The programme kicked off on Monday June 18 with 5 Wales based companies joining the UKTI delegation and participating in the Bio International Convention, Boston, USA - the largest global event for the biotechnology industry. The Wales delegation includes Biomonde, Biocatalysts, Biotec Services International, Ruskinn, Simbec Research and Q Chip.
BIS: A new £80m package to keep the UK at the forefront of advances in aerospace & advanced manufacturing has been announced.

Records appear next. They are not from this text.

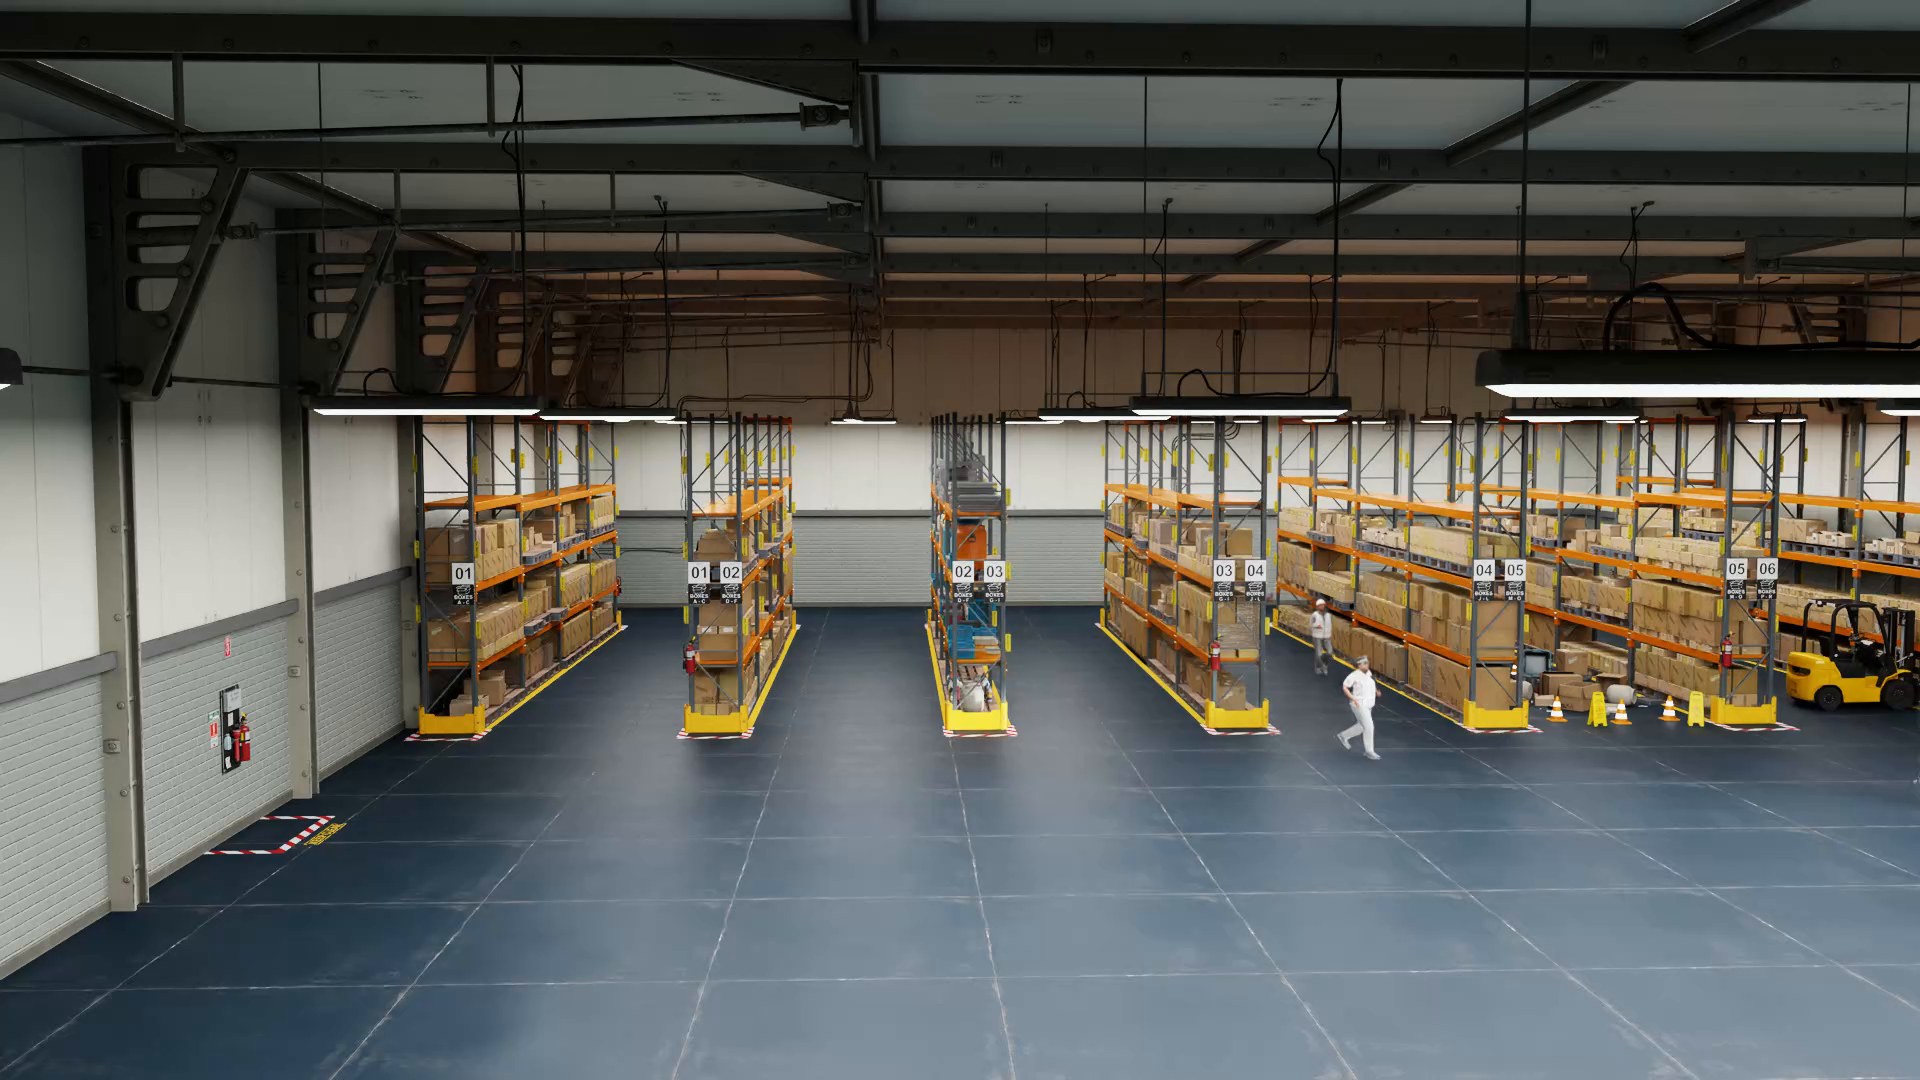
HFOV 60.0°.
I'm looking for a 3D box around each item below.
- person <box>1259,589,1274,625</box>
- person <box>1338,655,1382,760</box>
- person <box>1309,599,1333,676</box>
[{"bbox_3d":[8.038,1.904,44.467,0.598,1.636,0.908,-1,4,-9],"label":"person"},{"bbox_3d":[6.976,2.877,28.916,0.856,1.796,0.651,4,5,43],"label":"person"},{"bbox_3d":[8.340,2.247,38.223,0.642,1.767,0.647,0,4,-5],"label":"person"}]
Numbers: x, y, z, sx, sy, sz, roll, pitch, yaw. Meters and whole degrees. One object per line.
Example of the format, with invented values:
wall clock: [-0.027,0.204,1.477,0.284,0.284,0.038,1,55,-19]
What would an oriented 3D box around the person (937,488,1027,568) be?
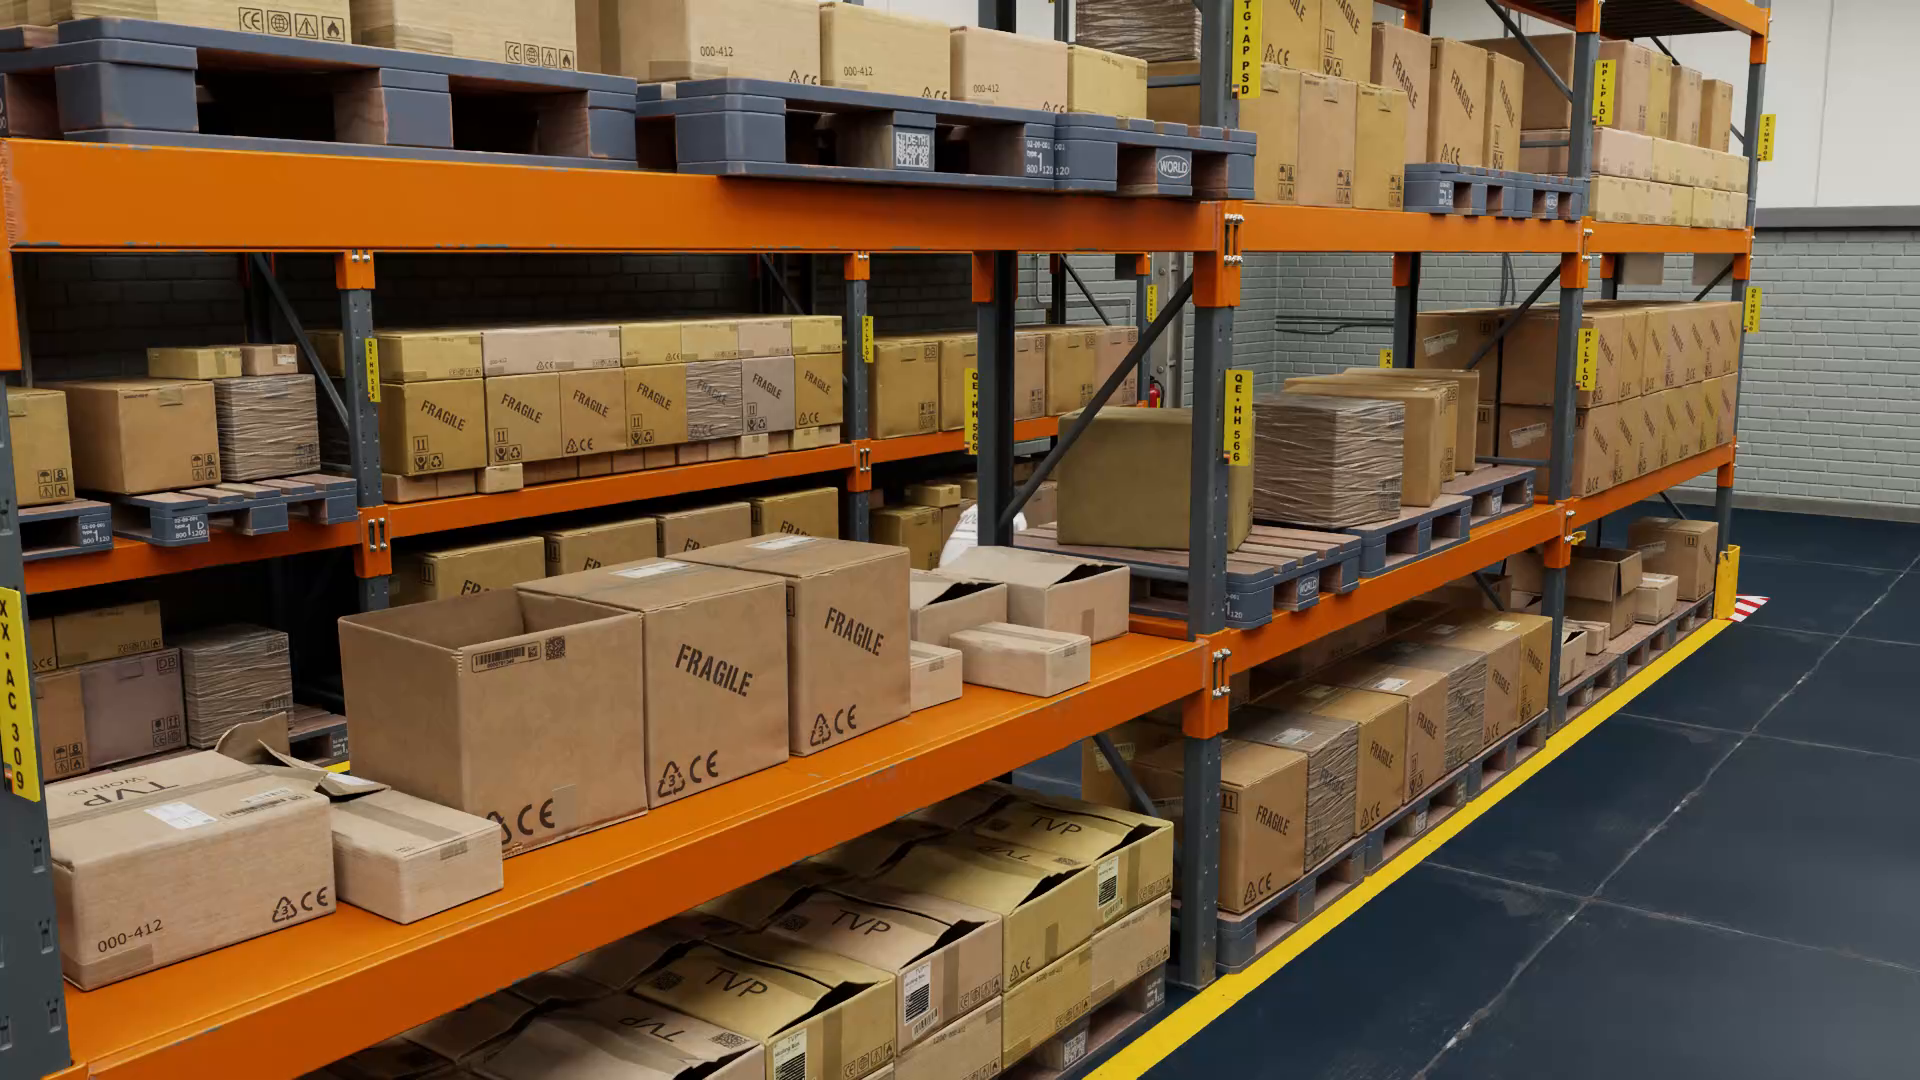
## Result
person: [0.201,0.161,11.622,0.529,1.025,0.950,5,11,29]

The Government is investing £25m, with business, led by Rolls-Royce, providing a further £40m, for a series of collaborative research & technology projects.
SAMULET II (Strategic Affordable Manufacturing in the UK through Leading Environmental Technology) will investigate new manufacturing processes aimed at increasing productivity & making the best use of resources..
The Government will separately invest £15m in new capital equipment for the High Value Manufacturing Catapult - part of a Government backed network of technology & innovation centres - which will assist projects such as these across the advanced manufacturing sector.
OS: An idea for a mobile app which would help the public to nominate sites for offenders to work on, has triumphed in Ordnance Survey’s GeoVation Challenge.
The app called ‘Community Payback Visibility’, by the Staffordshire and West Midlands Probation Trust, would also allow the public to keep tabs on how work on these chosen areas is progressing.
Press release & links
WAG: Wales Office Minister, David Jones, has welcomed the announcement that Dŵr Cymru Welsh Water will be investing £1bn on a wide range of infrastructure projects across Wales.
The investment programme is employing some 10% of the construction sector in the Dwr Cymru region with more than 50% of spend going to local companies in the supply chain, supporting some 1,500 jobs.
BIS: A new national competition worth £3m to drive forward the UK’s green growth agenda has been launched by Deputy PM Nick Clegg. The Green Genius - or ‘Greenius’ - contest will look for solutions to questions of food, water & energy security, such as how to keep bills down for consumers & businesses, how to better manage our food & water resources, and ensure a secure supply of clean, green & reliable energy.
Entrepreneurs & businesses will be invited to compete for £3m to fund the further development & commercialisation of innovative technologies. The provision of government funding for this initiative will be subject to a value for money assessment.
FSA: The Food Standards Agency is inviting scientists, regulators & others with an interest in marine oil & chemical spill monitoring, to the PREMIAM conference on Wednesday July 4 2012 at SOAS, University of London. on at SOAS, University of London.
The conference forms part of PREMIAM (Pollution Response in Emergencies - Marine Impact Assessment and Monitoring), which is a cross-government initiative supported by 18 government departments & agencies across the UK.